_TASK PROMPT_
Reproduce, exactly, the lines of the material below from the line containing "-10.945757348), (93.057379032, -13.173091082))" through the line containing "Model file for", with both end lines included and nothing else.

....

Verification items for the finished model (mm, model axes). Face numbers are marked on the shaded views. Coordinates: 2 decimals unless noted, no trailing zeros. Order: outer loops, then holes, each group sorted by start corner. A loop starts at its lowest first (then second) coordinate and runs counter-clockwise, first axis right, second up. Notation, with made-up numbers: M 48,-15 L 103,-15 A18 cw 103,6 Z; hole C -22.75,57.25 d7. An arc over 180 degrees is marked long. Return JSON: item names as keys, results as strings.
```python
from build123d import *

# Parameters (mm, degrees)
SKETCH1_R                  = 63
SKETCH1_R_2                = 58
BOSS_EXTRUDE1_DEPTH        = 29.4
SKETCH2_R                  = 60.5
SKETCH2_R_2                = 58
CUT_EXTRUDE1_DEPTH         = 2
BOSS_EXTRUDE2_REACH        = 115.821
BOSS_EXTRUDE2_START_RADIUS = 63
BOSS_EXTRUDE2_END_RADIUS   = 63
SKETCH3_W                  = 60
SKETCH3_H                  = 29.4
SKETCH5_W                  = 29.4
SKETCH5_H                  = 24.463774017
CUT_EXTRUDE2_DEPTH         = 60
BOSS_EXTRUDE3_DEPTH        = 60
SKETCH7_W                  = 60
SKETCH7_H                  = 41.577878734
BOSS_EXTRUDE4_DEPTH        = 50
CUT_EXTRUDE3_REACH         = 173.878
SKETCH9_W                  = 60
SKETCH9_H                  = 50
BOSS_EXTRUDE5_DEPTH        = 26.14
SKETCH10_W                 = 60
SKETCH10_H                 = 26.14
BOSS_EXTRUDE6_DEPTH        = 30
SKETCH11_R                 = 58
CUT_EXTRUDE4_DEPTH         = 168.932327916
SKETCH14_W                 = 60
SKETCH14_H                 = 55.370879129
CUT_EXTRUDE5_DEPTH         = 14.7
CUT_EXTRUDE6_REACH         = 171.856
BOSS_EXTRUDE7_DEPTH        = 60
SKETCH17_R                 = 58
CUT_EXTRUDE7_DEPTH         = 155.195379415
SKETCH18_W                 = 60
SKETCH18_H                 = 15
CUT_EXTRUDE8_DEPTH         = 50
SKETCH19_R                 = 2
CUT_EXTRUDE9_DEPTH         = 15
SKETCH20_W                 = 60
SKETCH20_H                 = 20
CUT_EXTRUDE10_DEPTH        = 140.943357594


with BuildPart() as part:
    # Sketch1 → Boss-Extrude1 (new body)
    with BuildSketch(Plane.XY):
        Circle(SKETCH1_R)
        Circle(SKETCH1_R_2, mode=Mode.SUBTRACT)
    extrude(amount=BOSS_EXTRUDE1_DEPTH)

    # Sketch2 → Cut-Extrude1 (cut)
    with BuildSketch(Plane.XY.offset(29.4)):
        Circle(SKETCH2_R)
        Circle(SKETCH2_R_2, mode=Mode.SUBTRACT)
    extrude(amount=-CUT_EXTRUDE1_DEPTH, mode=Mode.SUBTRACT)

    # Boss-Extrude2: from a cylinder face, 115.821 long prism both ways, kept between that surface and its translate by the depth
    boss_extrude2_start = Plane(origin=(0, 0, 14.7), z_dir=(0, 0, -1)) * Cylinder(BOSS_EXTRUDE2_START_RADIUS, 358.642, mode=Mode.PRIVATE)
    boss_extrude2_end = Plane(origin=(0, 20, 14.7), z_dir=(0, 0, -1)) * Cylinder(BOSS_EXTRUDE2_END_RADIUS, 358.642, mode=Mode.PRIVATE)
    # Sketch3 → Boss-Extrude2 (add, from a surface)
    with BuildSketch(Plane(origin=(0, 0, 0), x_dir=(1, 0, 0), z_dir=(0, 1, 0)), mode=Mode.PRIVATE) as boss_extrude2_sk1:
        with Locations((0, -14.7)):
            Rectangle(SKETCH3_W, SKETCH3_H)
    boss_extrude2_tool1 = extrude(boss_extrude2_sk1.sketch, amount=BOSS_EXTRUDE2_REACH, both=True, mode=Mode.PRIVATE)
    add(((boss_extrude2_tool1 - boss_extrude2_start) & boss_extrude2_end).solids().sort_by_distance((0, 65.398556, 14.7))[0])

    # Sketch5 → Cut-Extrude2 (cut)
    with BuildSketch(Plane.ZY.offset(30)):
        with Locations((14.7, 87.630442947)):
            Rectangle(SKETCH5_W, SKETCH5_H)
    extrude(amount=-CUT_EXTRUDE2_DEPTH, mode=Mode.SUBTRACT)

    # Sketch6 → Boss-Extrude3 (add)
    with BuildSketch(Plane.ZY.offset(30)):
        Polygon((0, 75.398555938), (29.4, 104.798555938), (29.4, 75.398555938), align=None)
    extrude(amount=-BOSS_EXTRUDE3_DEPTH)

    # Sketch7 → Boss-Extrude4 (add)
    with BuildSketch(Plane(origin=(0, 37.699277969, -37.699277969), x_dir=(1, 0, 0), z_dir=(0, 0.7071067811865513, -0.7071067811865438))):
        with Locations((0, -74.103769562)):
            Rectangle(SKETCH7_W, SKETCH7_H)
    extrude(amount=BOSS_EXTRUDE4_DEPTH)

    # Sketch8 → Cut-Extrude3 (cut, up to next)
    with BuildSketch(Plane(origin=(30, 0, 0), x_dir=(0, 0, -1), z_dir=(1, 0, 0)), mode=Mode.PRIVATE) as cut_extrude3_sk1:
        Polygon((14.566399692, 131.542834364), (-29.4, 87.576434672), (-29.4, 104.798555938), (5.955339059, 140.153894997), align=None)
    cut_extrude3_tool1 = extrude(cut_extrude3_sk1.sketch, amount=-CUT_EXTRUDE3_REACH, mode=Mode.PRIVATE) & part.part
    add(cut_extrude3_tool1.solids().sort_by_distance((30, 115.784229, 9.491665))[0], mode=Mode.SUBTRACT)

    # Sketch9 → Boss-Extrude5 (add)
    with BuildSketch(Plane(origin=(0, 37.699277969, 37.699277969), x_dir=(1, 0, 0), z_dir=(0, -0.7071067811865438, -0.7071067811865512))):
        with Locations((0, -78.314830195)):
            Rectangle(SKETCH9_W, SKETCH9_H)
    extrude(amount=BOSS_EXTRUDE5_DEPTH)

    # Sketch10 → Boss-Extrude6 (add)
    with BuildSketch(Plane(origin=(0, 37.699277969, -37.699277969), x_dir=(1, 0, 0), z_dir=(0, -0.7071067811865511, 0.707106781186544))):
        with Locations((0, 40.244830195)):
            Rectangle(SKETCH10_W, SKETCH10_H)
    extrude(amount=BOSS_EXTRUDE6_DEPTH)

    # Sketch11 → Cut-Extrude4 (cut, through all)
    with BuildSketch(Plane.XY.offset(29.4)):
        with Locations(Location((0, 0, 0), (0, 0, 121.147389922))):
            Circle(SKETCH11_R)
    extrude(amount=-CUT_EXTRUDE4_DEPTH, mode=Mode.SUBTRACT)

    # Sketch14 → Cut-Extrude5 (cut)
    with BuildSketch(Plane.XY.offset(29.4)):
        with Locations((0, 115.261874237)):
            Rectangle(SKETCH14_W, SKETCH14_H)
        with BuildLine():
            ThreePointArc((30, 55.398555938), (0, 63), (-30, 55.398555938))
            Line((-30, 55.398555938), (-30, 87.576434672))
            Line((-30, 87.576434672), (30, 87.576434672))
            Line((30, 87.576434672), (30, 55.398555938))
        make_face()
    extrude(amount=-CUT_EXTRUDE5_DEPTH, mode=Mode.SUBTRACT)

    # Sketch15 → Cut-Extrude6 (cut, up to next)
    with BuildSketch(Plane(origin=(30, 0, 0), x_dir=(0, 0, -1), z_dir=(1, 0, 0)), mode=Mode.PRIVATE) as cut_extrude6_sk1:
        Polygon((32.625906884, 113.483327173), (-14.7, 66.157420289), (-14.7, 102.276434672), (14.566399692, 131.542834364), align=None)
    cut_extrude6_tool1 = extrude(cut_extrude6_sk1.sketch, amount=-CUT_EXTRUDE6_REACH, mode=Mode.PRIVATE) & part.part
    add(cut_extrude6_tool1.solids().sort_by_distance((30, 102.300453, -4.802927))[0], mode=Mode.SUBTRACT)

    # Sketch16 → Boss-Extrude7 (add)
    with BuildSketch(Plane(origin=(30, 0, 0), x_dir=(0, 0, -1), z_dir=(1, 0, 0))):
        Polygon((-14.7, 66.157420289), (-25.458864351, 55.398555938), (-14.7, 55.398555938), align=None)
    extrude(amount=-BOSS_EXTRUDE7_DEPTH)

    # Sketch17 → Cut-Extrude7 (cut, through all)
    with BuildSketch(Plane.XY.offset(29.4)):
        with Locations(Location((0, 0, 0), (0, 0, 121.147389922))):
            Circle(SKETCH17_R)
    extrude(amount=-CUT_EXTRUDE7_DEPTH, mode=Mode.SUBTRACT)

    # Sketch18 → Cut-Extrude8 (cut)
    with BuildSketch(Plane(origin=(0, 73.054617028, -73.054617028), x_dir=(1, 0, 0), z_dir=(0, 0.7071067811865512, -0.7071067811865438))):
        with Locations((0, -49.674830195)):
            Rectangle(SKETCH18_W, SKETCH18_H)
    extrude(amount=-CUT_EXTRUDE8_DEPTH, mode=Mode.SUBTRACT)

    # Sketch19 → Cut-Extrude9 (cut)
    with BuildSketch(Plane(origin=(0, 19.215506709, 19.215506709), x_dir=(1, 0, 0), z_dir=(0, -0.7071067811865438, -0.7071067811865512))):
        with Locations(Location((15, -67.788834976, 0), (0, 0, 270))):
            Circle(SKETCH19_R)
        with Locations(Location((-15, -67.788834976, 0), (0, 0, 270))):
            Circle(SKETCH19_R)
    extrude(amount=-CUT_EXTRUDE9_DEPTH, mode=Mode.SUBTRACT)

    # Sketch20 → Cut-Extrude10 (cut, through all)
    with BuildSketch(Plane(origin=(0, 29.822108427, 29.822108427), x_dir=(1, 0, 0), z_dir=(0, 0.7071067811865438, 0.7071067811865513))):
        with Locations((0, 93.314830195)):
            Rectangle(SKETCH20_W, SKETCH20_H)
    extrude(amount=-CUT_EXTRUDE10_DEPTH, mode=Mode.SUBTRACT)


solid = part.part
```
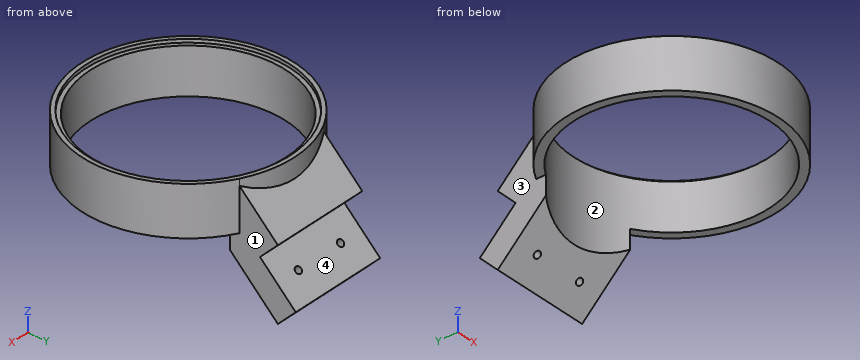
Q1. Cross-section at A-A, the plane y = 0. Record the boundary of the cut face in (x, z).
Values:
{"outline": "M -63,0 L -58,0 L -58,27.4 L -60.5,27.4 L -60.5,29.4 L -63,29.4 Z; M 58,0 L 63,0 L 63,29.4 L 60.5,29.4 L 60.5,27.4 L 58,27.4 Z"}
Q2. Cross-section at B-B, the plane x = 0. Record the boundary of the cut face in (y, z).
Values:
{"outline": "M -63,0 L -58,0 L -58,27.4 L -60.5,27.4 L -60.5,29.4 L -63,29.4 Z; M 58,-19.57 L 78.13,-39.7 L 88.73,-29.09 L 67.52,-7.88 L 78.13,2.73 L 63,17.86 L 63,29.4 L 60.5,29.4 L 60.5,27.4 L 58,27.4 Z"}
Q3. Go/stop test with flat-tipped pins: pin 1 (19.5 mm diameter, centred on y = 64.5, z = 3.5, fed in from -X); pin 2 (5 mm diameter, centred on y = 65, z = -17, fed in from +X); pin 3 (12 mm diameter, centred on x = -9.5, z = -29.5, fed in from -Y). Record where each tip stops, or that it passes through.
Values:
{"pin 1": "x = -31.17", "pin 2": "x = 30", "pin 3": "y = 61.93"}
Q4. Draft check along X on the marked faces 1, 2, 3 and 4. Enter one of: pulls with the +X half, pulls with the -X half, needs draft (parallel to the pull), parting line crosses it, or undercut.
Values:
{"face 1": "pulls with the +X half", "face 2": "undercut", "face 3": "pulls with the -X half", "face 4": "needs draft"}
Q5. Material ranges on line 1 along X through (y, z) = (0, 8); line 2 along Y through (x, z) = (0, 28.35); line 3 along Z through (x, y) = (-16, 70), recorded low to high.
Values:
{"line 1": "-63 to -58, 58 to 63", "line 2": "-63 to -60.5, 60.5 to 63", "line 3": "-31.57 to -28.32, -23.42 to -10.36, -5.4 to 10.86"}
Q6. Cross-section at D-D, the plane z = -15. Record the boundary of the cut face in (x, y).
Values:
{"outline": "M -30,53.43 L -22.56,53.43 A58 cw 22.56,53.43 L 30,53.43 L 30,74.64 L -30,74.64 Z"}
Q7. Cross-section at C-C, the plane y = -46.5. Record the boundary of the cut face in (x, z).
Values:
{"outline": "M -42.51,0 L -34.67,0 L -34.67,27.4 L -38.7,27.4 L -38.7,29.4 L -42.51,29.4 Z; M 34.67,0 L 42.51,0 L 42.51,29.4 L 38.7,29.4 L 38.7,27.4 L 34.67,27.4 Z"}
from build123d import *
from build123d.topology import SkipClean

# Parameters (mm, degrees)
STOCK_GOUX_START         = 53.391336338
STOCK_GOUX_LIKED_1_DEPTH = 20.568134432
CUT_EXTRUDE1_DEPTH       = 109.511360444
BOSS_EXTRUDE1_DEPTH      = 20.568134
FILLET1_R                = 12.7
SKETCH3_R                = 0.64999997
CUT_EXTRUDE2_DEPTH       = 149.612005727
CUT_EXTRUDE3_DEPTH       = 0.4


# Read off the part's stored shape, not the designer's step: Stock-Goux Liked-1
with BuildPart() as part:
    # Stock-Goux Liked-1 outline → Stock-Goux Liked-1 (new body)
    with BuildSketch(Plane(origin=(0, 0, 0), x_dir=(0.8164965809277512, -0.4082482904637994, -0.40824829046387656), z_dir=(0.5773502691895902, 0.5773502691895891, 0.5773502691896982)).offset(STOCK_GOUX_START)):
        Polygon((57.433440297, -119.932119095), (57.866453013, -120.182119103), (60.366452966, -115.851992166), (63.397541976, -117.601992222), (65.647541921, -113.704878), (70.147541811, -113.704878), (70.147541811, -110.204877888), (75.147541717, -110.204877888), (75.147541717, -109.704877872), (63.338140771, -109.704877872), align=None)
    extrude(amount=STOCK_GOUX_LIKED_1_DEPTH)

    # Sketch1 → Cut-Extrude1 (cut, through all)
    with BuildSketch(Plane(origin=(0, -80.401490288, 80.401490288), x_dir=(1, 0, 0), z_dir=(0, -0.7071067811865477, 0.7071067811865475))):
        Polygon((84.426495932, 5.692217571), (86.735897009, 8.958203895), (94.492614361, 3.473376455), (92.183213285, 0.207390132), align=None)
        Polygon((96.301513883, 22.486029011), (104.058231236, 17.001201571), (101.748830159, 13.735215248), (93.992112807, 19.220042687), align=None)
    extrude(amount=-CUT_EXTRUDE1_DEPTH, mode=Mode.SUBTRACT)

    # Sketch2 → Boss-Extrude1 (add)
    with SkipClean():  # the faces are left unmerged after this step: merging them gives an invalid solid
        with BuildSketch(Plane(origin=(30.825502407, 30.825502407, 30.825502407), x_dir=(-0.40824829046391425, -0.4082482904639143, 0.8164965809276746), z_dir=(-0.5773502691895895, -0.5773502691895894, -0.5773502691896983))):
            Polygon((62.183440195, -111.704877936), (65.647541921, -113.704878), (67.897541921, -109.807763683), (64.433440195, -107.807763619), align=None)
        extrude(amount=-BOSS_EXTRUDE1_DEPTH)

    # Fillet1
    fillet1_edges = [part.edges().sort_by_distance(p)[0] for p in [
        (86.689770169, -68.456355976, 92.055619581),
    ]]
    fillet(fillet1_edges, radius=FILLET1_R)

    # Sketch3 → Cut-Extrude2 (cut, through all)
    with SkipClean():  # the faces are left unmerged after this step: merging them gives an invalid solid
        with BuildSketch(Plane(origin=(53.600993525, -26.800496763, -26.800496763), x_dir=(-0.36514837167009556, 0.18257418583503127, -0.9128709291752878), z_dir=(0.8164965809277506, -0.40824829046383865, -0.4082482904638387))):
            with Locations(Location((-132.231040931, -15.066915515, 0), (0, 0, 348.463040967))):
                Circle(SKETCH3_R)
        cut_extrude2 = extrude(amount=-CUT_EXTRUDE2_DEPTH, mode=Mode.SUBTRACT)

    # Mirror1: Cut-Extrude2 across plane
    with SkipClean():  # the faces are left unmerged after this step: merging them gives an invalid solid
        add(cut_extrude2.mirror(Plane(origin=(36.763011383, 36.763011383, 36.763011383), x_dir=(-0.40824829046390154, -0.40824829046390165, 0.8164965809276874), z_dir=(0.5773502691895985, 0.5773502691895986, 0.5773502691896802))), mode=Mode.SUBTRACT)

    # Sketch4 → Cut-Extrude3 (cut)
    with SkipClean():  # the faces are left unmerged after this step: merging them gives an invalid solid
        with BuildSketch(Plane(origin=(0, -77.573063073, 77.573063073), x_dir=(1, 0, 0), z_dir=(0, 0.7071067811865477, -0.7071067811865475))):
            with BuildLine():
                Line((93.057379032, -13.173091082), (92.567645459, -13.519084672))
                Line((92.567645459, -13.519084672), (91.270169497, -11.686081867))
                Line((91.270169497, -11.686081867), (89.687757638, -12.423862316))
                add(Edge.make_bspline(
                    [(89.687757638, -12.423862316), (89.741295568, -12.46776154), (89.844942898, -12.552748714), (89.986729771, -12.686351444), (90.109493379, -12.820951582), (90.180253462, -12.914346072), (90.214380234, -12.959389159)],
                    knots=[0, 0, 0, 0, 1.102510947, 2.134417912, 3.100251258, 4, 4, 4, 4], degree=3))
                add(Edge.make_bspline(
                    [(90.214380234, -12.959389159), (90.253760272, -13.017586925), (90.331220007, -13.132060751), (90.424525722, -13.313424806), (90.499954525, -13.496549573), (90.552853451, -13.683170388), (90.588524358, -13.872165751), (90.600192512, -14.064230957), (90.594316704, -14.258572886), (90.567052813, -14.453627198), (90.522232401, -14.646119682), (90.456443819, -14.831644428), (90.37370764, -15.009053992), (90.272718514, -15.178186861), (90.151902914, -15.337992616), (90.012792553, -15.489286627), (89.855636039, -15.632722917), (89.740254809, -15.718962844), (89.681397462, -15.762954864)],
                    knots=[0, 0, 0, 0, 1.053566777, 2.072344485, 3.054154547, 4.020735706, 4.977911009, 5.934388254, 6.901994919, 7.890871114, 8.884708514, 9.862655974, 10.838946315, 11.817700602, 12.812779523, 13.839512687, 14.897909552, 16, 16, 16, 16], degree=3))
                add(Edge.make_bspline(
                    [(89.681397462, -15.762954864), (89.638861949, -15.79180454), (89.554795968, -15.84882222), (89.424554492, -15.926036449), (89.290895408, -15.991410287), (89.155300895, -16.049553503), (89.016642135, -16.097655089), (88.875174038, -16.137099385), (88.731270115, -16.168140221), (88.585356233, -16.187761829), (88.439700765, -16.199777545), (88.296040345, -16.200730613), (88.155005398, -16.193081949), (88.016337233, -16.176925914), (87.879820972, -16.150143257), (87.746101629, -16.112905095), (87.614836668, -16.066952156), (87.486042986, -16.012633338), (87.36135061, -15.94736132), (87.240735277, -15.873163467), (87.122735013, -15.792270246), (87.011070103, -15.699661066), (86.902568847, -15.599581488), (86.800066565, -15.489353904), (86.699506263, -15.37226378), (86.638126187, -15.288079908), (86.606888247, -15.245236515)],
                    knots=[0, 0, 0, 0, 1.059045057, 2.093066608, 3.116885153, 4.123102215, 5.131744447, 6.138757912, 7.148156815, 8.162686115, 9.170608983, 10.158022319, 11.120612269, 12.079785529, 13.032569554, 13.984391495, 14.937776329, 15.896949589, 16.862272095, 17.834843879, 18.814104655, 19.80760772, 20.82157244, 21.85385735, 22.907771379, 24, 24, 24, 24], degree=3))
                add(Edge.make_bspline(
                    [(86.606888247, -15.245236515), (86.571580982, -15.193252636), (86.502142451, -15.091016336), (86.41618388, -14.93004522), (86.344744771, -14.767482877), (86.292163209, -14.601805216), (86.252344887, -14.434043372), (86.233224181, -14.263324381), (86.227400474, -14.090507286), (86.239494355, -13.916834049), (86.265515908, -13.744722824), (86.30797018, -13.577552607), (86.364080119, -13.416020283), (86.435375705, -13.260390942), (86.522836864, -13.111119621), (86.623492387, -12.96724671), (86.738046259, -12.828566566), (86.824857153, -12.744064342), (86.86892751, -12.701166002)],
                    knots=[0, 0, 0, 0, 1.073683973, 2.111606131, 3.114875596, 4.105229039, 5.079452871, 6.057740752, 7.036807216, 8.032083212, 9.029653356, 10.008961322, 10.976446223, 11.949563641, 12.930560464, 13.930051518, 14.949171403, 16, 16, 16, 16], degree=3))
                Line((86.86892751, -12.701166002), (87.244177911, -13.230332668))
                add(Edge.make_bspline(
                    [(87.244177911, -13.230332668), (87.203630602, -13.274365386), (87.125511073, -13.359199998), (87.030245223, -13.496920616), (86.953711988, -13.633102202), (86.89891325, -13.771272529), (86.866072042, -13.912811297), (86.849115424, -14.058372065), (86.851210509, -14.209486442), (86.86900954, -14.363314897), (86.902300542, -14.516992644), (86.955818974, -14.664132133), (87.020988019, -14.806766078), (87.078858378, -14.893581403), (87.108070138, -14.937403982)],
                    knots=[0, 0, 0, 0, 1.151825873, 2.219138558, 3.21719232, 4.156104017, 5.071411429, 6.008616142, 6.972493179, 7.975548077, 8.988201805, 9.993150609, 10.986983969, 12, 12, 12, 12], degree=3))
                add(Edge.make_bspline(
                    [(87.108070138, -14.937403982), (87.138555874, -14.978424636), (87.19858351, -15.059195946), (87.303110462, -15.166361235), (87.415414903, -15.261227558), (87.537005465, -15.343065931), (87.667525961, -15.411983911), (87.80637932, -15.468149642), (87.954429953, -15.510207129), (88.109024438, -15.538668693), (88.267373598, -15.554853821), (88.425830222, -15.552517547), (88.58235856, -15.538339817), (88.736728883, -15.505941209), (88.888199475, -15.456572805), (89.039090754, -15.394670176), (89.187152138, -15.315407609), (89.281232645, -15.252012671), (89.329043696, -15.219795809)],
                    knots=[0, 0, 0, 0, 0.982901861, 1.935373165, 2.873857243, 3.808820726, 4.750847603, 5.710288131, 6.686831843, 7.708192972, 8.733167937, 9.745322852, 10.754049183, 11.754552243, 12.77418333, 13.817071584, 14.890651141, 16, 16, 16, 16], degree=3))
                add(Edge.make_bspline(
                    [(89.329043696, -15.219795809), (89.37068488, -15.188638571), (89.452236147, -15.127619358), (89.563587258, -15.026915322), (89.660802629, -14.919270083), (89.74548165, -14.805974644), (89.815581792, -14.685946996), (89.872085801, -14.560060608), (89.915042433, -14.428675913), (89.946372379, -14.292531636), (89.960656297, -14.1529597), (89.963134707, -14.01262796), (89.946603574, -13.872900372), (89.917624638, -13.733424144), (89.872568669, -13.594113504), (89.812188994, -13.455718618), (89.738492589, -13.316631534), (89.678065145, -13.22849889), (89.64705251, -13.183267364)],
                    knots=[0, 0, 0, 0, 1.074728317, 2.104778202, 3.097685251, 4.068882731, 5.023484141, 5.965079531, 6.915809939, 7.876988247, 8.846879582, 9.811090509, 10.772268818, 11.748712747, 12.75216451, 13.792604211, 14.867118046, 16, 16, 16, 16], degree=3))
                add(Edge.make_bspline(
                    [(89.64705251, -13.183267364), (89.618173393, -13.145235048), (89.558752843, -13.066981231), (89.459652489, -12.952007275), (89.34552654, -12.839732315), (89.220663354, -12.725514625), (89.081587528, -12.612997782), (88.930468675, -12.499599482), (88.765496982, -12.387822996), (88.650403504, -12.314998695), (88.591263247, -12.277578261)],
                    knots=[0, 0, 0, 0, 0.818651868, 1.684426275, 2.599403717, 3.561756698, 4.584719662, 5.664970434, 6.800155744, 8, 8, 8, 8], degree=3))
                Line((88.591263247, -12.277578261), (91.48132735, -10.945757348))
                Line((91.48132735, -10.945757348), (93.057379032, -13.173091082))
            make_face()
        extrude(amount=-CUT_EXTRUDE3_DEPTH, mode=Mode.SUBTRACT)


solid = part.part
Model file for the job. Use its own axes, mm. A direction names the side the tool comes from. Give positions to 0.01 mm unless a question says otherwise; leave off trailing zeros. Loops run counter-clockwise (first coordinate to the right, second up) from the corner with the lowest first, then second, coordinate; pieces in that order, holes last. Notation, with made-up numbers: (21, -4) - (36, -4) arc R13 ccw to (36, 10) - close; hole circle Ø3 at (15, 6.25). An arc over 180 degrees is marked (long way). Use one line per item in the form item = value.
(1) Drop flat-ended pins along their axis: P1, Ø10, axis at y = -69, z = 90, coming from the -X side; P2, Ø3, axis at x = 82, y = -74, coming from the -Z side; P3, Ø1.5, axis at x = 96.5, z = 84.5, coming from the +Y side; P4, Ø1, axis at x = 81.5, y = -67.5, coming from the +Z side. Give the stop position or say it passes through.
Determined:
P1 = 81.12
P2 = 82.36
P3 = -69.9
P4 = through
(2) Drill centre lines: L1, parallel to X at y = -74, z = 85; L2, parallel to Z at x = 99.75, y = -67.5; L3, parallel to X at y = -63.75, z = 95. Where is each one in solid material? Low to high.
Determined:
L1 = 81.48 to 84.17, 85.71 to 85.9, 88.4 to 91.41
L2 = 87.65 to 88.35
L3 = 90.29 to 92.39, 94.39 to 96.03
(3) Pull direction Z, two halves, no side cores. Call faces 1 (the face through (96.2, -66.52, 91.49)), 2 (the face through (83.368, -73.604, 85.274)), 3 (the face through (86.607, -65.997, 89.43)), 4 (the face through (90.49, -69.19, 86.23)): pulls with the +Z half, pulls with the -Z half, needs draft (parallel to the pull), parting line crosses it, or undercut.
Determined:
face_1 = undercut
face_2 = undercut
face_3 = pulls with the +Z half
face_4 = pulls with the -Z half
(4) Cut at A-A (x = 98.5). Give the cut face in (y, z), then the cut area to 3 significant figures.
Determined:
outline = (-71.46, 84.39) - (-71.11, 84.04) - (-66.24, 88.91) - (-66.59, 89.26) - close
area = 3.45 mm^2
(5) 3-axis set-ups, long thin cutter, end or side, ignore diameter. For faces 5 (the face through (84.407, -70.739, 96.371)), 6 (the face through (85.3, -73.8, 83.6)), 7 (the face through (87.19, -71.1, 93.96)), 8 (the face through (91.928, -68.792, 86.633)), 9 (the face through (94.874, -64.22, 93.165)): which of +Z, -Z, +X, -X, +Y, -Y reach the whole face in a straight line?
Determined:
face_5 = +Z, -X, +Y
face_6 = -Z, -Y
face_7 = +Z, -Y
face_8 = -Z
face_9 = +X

....

_ANSWER SPACE_
                Line((91.48132735, -10.945757348), (93.057379032, -13.173091082))
            make_face()
        extrude(amount=-CUT_EXTRUDE3_DEPTH, mode=Mode.SUBTRACT)


solid = part.part
Model file for the job. Use its own axes, mm. A direction names the side the tool comes from. Give positions to 0.01 mm unless a question says otherwise; leave off trailing zeros. Loops run counter-clockwise (first coordinate to the right, second up) from the corner with the lowest first, then second, coordinate; pieces in that order, holes last. Notation, with made-up numbers: (21, -4) - (36, -4) arc R13 ccw to (36, 10) - close; hole circle Ø3 at (15, 6.25). An arc over 180 degrees is marked (long way). Use one line per item in the form item = value.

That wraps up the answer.